DFSL dynamically chooses demonstrations to improve the prompt. The prompt includes three parts: a description of the task, retrieved examples, and the input question with associated entities and relations. After the language model generates a query, it is executed to fetch results.

A challenge within SPARQL query generation includes determining subjects and objects in relationships-a process LLMs may not handle efficiently. DFSL offers a solution by allowing the generation of multiple SPARQL queries, retaining all hypotheses generated, increasing the chances of producing a correct and relevant query.

When executing multiple queries, different answers may arise, necessitating a method to choose the best one. Two methods were designed for answer selection: Largest Set (LS) and First Set (FS). The LS method chooses the largest answer set among all generated answers, while FS simply picks the first query that returns an answer.

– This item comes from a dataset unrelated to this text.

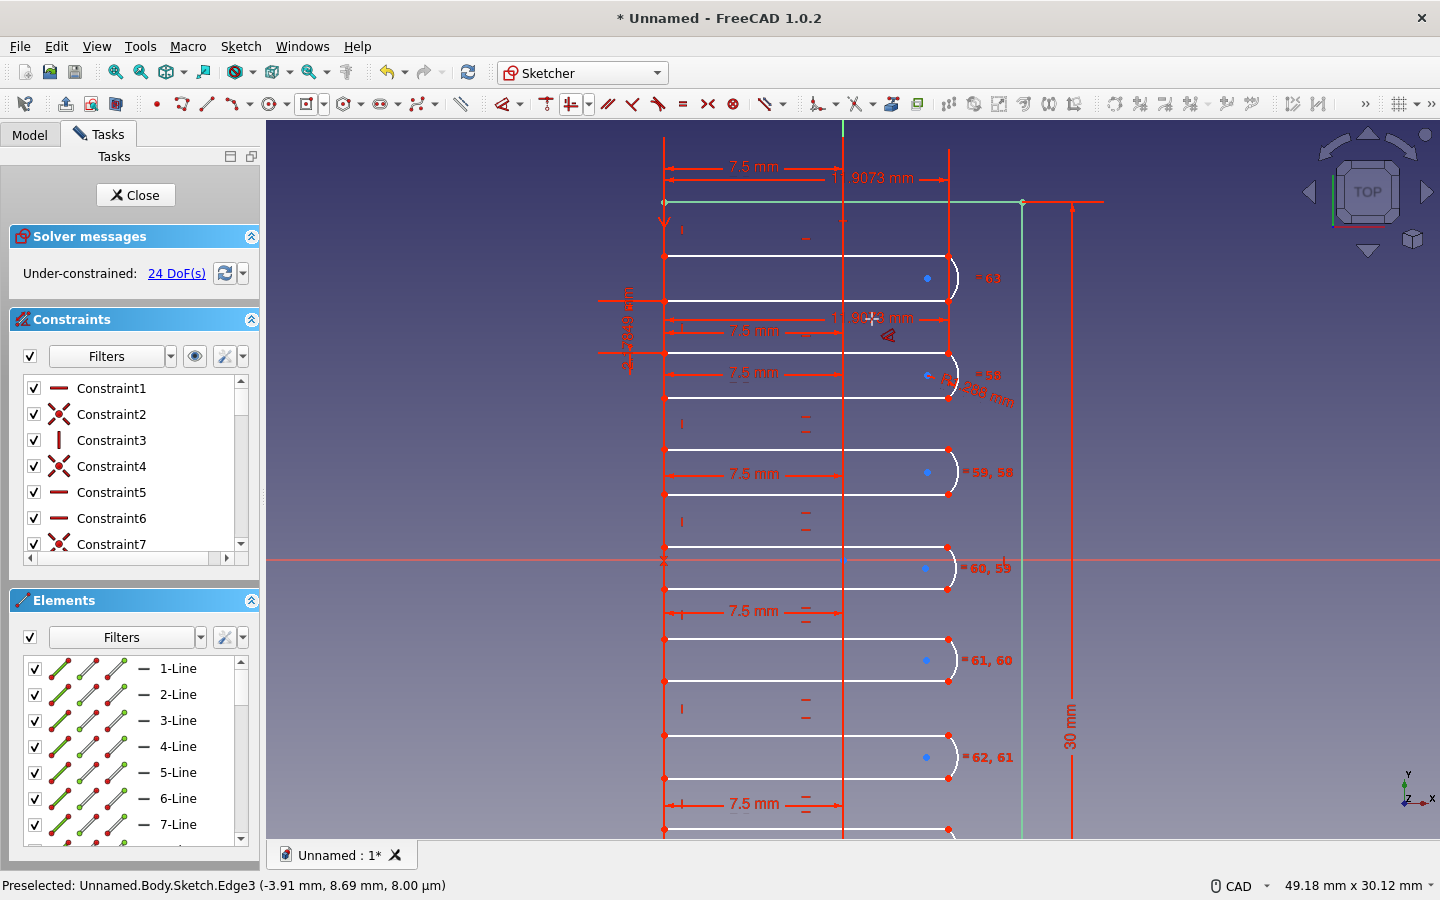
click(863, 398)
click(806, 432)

In experiments, DFSL showed improved performance compared to previous methods across multiple benchmark datasets. This included an evaluation of how many examples should be retrieved, with findings suggesting a larger number of examples tends to yield better results.

The study also looked into how DFSL performed against other approaches. DFSL consistently outperformed zero-shot learning methods and even many few-shot learning models. However, results varied somewhat in different datasets, especially with lower performance noted when training data did not align well with testing data.

The analysis of DFSL compared to other state-of-the-art methods indicated that DFSL operates effectively even without additional training on specific tasks. Although it showed strong performance generally, there remains room for improvement in handling cases where only partial information is available, reflecting a still-present challenge in the field.

In summary, DFSL is a new method for Knowledge Graph Question Answering that enhances the language model's ability to generate SPARQL queries by making use of relevant examples dynamically. It provides improved performance on various benchmarks without requiring extensive fine-tuning. Future work will examine its application in similar areas like text-to-SQL and aim to explore the method's applicability beyond English datasets.

The code for implementing DFSL will be shared publicly following the paper's acceptance, allowing for broader use and exploration of its capabilities. By addressing current limitations and investigating further variations, this approach could lead to better understanding and handling of knowledge graphs in answering complex queries.